Cirurgiões realizavam complexas operações no crânio de pacientes na era medieval, de acordo com o que mostram restos de um esqueleto encontrado em um sítio arqueológico.

O crânio de um agricultor de 40 anos, que viveu entre os anos 960 e 1100, é a evidência mais concreta da prática desse tipo de cirurgia, segundo os arqueólogos que encontraram a ossada.

Os despojos, encontrados em Yorkshire, na Inglaterra, mostram que o paciente sobreviveu a um golpe fatal na cabeça graças à cirurgia.

O crânio submetido a uma cirurgia havia sido golpeado com uma arma, o que causou uma fratura grave em seu lado esquerdo.

Fragmentos removidos

Uma área retangular do crânio, medindo 9 centímetros por 10 centímetros, foi cuidadosamente levantada na cirurgia que se seguiu, para permitir que fragmentos de ossos que afundaram na fratura fossem removidos.

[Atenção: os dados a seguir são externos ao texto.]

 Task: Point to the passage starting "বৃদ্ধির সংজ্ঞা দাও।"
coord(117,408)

Isto teria aliviado a pressão no cérebro.

O crânio do agricultor de Yorkshire mostra que a fratura estava se recuperando bem.

Os cientistas acreditam que o buraco remanescente teria, eventualmente, sido coberto com o desenvolvimento tecido apropriado.

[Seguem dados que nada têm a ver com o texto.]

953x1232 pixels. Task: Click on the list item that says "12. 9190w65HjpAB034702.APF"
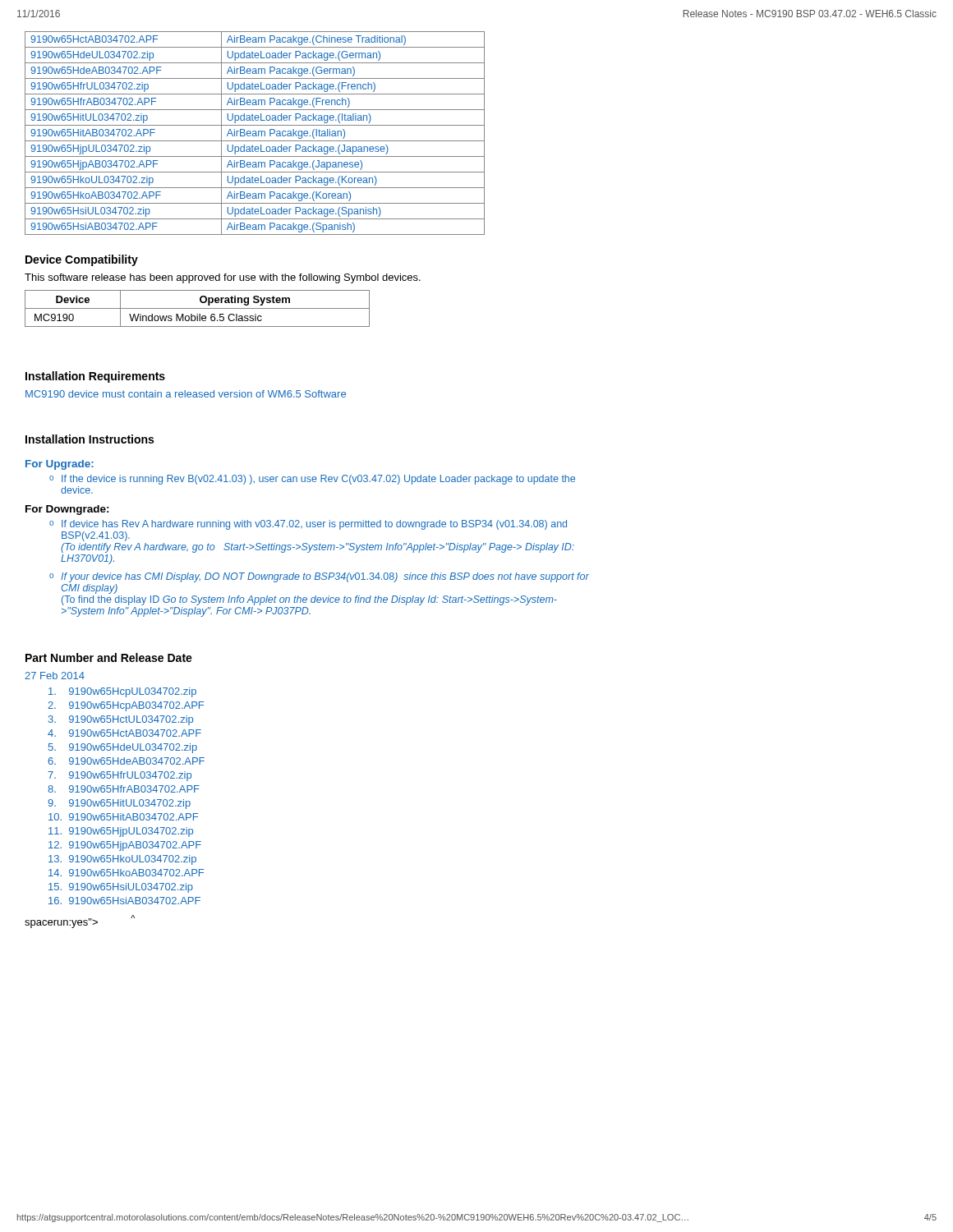(125, 845)
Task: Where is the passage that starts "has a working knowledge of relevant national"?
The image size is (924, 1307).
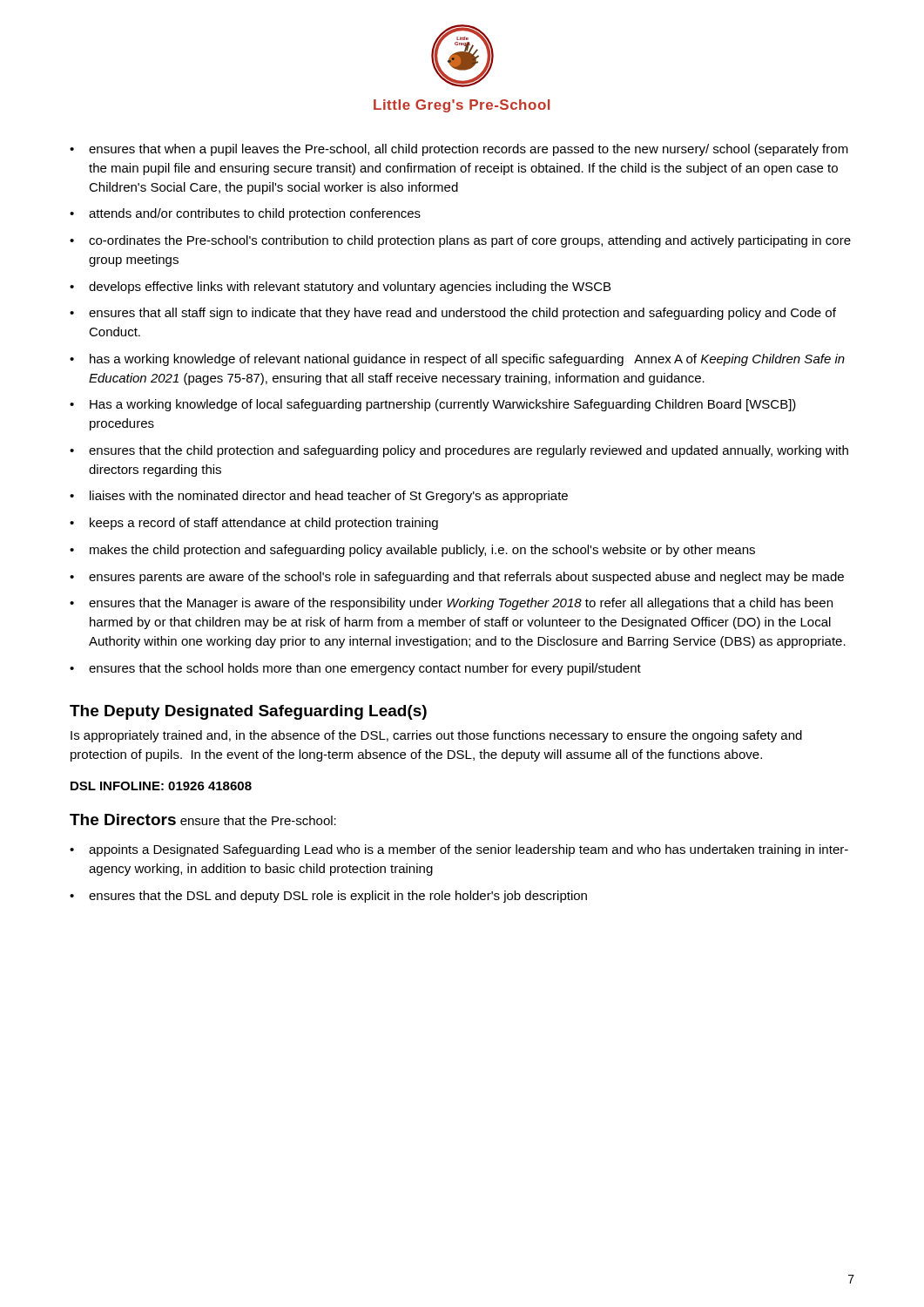Action: point(467,368)
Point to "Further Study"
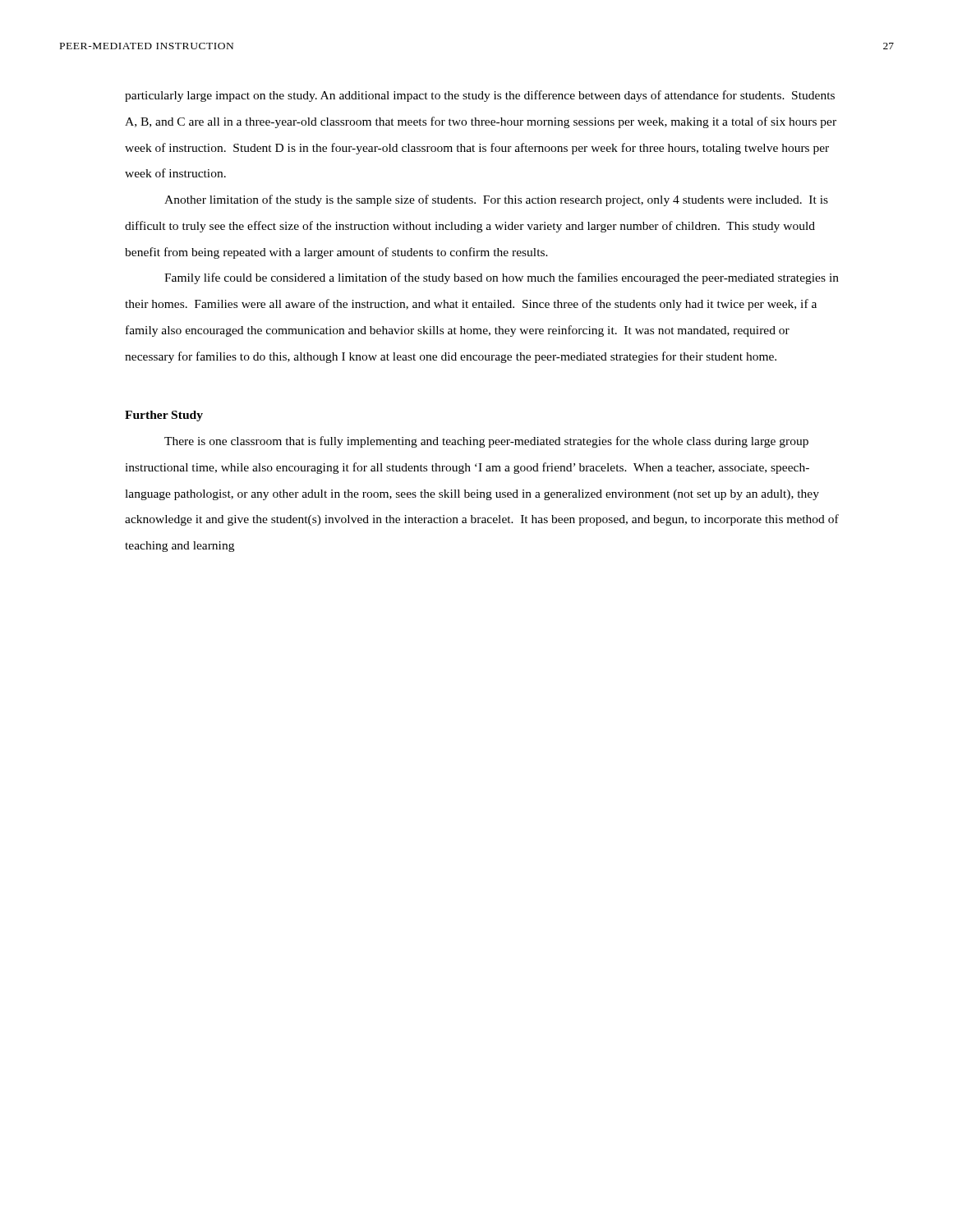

Mas eles têm dúvidas sobre como o agricultor teria podido pagar por este complexo tratamento médico.

Simon Mays, biólogo do Patrimônio da Inglaterra, disse que tratamentos médicos eram reservados principalmente para a elite.

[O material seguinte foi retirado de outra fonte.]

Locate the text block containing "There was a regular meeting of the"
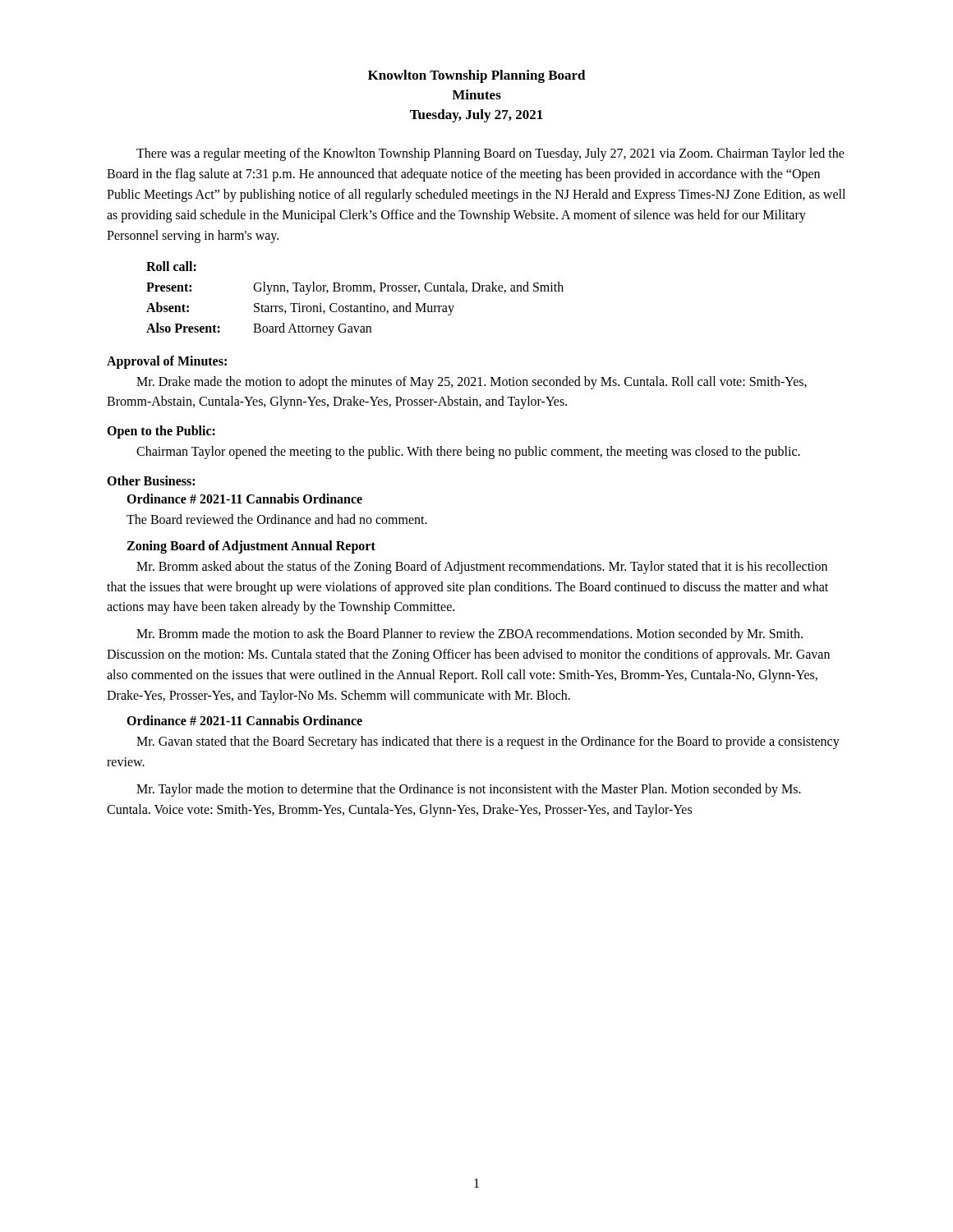The height and width of the screenshot is (1232, 953). [x=476, y=195]
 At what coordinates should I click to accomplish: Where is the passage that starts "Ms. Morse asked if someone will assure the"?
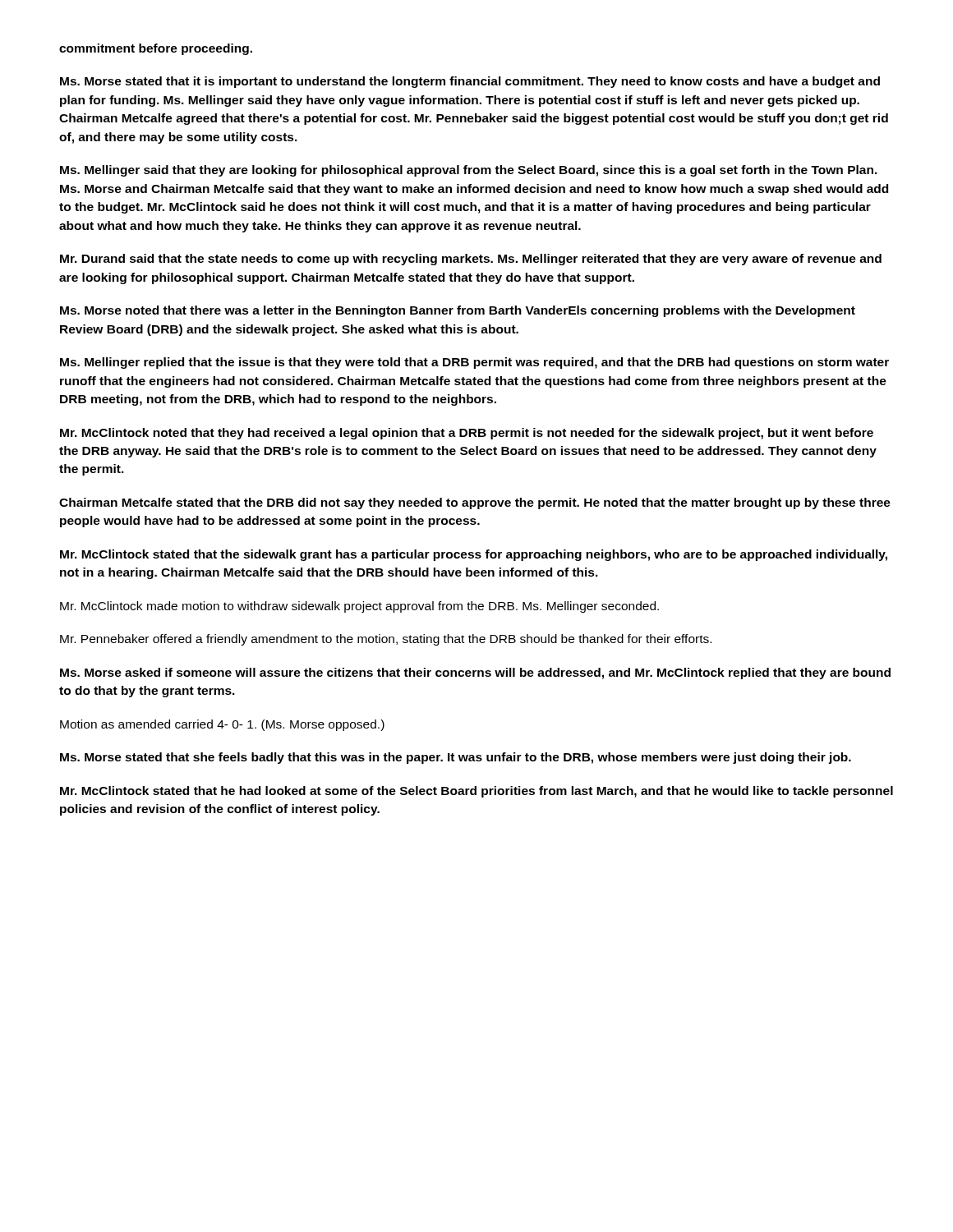coord(475,681)

“Parece ser provável que a operação foi realizada por um curandeiro itinerante com habilidades pouco comuns, cujos conhecimentos foram passados através de tradição oral”, disse Mays.

Desnutrição

Documentos gregos e romanos mencionavam a técnica cirúrgica para o tratamento de fraturas, mas não havia nada sobre isso na literatura anglo-saxônica.

Alguns historiadores acreditam que a Europa ocidental foi privada de tais conhecimentos por séculos depois da queda de Alexandria, no Egito, no século 7.

Quase 700 esqueletos foram encontrados por arqueólogos no hoje deserto vilarejo de Wharram Percy, no interior da Grã-Bretanha.

Exames de outras ossadas no sítio arqueológico revelaram a existência de alto grau de desnutrição, doenças e crescimento prejudicado.

No passado, Wharram Percy foi uma comunidade ativa cresceu com fazendas de gado ovino, mas entrou em rápido declínio depois da “peste negra” e acabou completamente abandonada.